As mentioned above, elevator shoulders are subject to wear in service and can become grooved and uneven. Such wear can damage elevators when the seating surfaces do not match. A worn elevator shoulder cannot be machined back without losing the safety factor of the extra thickness of the weld area. Hence, the pipe length must be scrapped when this happens.
Second, all welds on heat treatable steel, from which all modern oil field drill stems are made, should receive some type of post-thermal treatment. Preferred methods of post-thermal treatment cannot be employed to a weld on a tapered surface.
Third, the process control of making a weld on a tapered surface is more difficult than on a straight diameter section. This means that not only is it more expensive to make welds on tapered surfaces, but there is a greater percentage of such welds that fail inspection. When a weld does not pass final inspection, parts can seldom be salvaged.
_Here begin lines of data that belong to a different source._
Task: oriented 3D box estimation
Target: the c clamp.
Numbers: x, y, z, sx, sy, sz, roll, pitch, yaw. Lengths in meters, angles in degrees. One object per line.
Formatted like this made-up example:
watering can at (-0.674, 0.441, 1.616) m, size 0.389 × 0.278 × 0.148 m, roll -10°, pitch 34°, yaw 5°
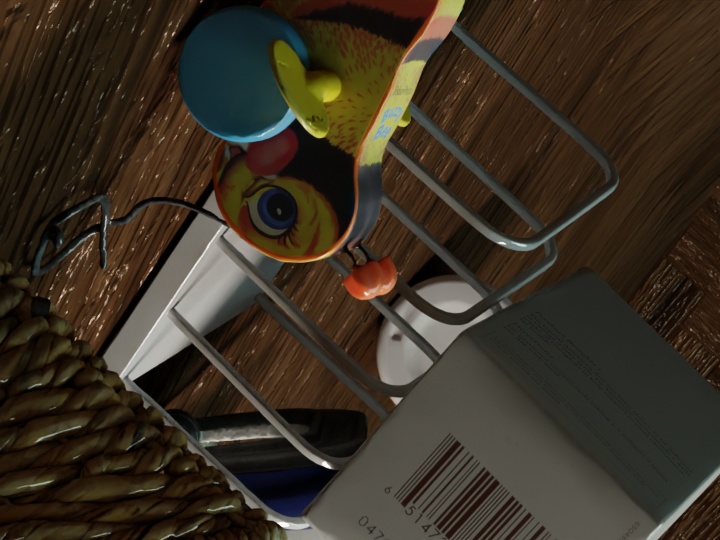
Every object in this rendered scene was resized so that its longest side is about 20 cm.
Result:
c clamp at (-0.078, 0.088, 1.123) m, size 0.170 × 0.027 × 0.200 m, roll -7°, pitch -178°, yaw 7°

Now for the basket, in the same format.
basket at (-0.137, 0.124, 0.764) m, size 0.143 × 0.149 × 0.200 m, roll -41°, pitch 169°, yaw -34°

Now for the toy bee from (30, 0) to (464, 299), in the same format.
toy bee at (-0.014, -0.048, 0.795) m, size 0.131 × 0.109 × 0.200 m, roll -38°, pitch 167°, yaw -53°

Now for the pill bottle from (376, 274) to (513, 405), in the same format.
pill bottle at (0.074, 0.071, 1.650) m, size 0.112 × 0.112 × 0.200 m, roll -47°, pitch 171°, yaw -2°

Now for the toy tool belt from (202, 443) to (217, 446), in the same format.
toy tool belt at (-0.102, 0.185, 1.287) m, size 0.125 × 0.123 × 0.200 m, roll -50°, pitch 171°, yaw 14°

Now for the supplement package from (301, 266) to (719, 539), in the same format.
supplement package at (0.082, 0.089, 0.990) m, size 0.117 × 0.117 × 0.200 m, roll -50°, pitch 168°, yaw 20°

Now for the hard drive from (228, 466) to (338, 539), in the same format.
hard drive at (-0.065, 0.120, 1.106) m, size 0.199 × 0.026 × 0.132 m, roll -7°, pitch -172°, yaw 23°

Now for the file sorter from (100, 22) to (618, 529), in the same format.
file sorter at (0.000, 0.000, 0.999) m, size 0.200 × 0.124 × 0.139 m, roll -53°, pitch 169°, yaw 31°

Therefore, it is a feature of the present invention to provide an improved technique of joining a tool joint or end to a drill pipe that eliminates placing a weld on a shoulder while meeting all the other requirements for an intermediate drill stem.
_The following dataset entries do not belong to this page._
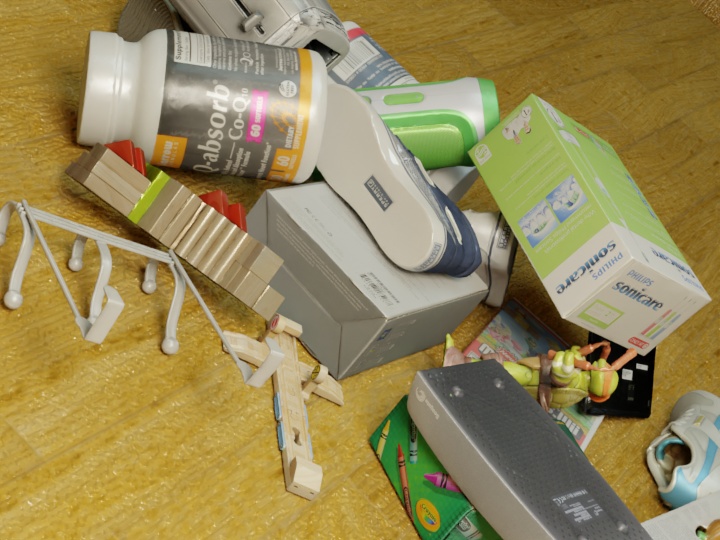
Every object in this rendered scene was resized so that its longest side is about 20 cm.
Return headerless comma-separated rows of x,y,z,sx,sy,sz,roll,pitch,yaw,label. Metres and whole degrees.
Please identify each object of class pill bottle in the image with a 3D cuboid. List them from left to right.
-0.134,-0.140,1.387,0.198,0.117,0.117,6,35,-13,pill bottle
0.022,-0.141,1.650,0.200,0.120,0.119,44,26,9,pill bottle

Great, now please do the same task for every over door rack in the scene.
-0.167,0.026,1.161,0.147,0.067,0.200,19,11,-37,over door rack

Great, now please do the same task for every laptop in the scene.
0.219,0.039,1.628,0.103,0.202,0.177,3,-4,30,laptop

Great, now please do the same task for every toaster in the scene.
-0.089,-0.234,1.516,0.130,0.113,0.200,54,9,10,toaster

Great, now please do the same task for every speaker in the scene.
0.028,-0.132,1.540,0.198,0.089,0.089,-5,34,-1,speaker

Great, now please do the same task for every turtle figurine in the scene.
0.151,0.090,1.406,0.160,0.065,0.200,4,1,7,turtle figurine

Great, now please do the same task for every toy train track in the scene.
-0.048,0.093,1.270,0.114,0.033,0.201,27,29,-25,toy train track

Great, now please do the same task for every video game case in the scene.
0.168,0.105,1.563,0.143,0.017,0.200,41,25,5,video game case

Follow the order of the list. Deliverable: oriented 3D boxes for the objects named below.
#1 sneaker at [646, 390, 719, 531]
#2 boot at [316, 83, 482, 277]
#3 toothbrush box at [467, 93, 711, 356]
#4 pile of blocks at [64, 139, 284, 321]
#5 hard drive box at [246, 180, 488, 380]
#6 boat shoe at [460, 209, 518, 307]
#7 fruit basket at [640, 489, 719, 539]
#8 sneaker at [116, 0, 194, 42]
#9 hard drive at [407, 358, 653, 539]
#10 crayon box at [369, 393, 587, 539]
0.323,0.170,1.599,0.080,0.077,0.200,32,24,-11,sneaker
0.028,-0.074,1.443,0.090,0.073,0.201,16,39,-55,boot
0.202,-0.040,1.462,0.145,0.086,0.201,23,32,-49,toothbrush box
-0.136,-0.043,1.303,0.199,0.062,0.082,37,-4,-4,pile of blocks
0.000,0.000,1.437,0.156,0.077,0.200,47,26,17,hard drive box
0.115,-0.019,1.568,0.065,0.074,0.200,14,-17,7,boat shoe
0.312,0.265,1.323,0.199,0.094,0.186,-15,57,-41,fruit basket
-0.153,-0.176,1.545,0.106,0.075,0.201,22,31,-53,sneaker
0.126,0.155,1.254,0.200,0.042,0.135,50,27,22,hard drive
0.113,0.172,1.329,0.199,0.058,0.119,14,35,-43,crayon box

It is yet another feature of the present invention to provide an improved intermediate drill stem wherein the welding to the tube is not near or in the elevator shoulder, such shoulder also being isolated and protected from wear.
The mathematical analysis of a drill stem member is exceedingly complex. However, in one sense, it can be viewed as a slender column or strut which is subject to Euler's Formula. This formula pertains to the fact that when a load-bearing body in compression has a length more than ten or twelve times its least dimension perpendicular to the load line, simple compression ceases to be the direct cause of failure. Instead, failure occurs as a result of lateral deflections, which, in turn, depends on the modulus of elasticity of the material and the slenderness ratio of the member, as well as the crushing strength of the material. In addition, the load-carrying capacity is dependent on the condition of restraints on the column ends (e.g., guided free end, fixed ends, one end guided and one end fixed, and one end free and one end fixed). A drill stem member is not clearly any one of the above, but safe approximate values can be applied in Euler's Formula to determine the critical buckling load for a drill pipe.
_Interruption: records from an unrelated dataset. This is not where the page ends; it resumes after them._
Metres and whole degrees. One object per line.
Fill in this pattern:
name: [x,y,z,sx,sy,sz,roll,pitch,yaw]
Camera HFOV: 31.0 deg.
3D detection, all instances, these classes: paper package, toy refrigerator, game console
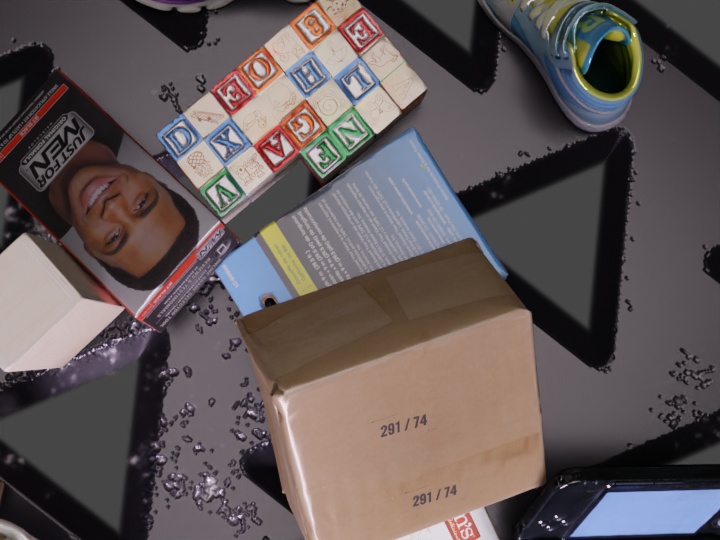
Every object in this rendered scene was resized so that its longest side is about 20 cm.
paper package: [0.027,0.101,0.983,0.197,0.104,0.193,-19,127,-12]
toy refrigerator: [-0.242,0.025,0.988,0.076,0.200,0.070,-43,89,-3]
game console: [0.228,0.240,1.022,0.197,0.177,0.118,1,56,-14]

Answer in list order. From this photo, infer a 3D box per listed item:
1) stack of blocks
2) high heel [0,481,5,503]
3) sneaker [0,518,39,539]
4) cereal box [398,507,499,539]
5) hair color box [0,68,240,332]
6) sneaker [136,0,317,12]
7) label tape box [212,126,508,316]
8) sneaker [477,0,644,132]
stack of blocks: [-0.056,-0.126,1.074,0.199,0.059,0.116,-39,89,-4]
high heel: [-0.354,0.255,1.036,0.095,0.067,0.203,14,71,-11]
sneaker: [-0.262,0.241,1.004,0.198,0.080,0.078,29,61,-30]
cereal box: [0.029,0.272,1.064,0.198,0.040,0.146,-26,89,-4]
hair color box: [-0.201,-0.057,1.037,0.199,0.061,0.102,41,86,18]
sneaker: [-0.105,-0.264,1.068,0.196,0.083,0.082,-5,87,-2]
label tape box: [0.000,0.000,1.066,0.199,0.063,0.145,-33,88,0]
sneaker: [0.163,-0.211,1.052,0.079,0.131,0.201,-39,88,-2]

By considering the tool joints or ends as stiff, the prior art intermediate drill pipe would normally have about a four-foot length (two ends each two feet long) and then a twenty-six-foot length (length of the body of the member). Before the critical buckling load was met, such a pipe could flex about 8.7 inches. A 5-inch tube operating in the center of a 10-inch hole would easily contact the wall long before the buckling load was met. A typical diameter of 61/2 inch tool joint would also permit such flexing. Therefore, in U.S. Pat. No. 3,784,238, a wear pad or protector is provided by building up the wall of the body of the pipe length intermediate the ends of the pipe, preferably approximately at the mid point.
As will be noted hereinafter the combined length of the tool joints or ends of the member disclosed herein is approximately ten feet. Hence, for a normal thirty-foot pipe, there is a tube or body length of approximately twenty feet. A 10-foot length, 61/2 inches in diameter would only allow an angling in a 10-inch borehole of about 1.7.degree.. The twenty-foot length would only bend about 0.9 inch before it reached its critical buckling load, which would be far short of contacting the wall of the borehole. Hence, in the present design, there is no need for an intermediate wear pad or protector.
Therefore, still another feature of the present invention is to provide an improved intermediate drill stem not requiring an intermediate wear or protective built-up external surface.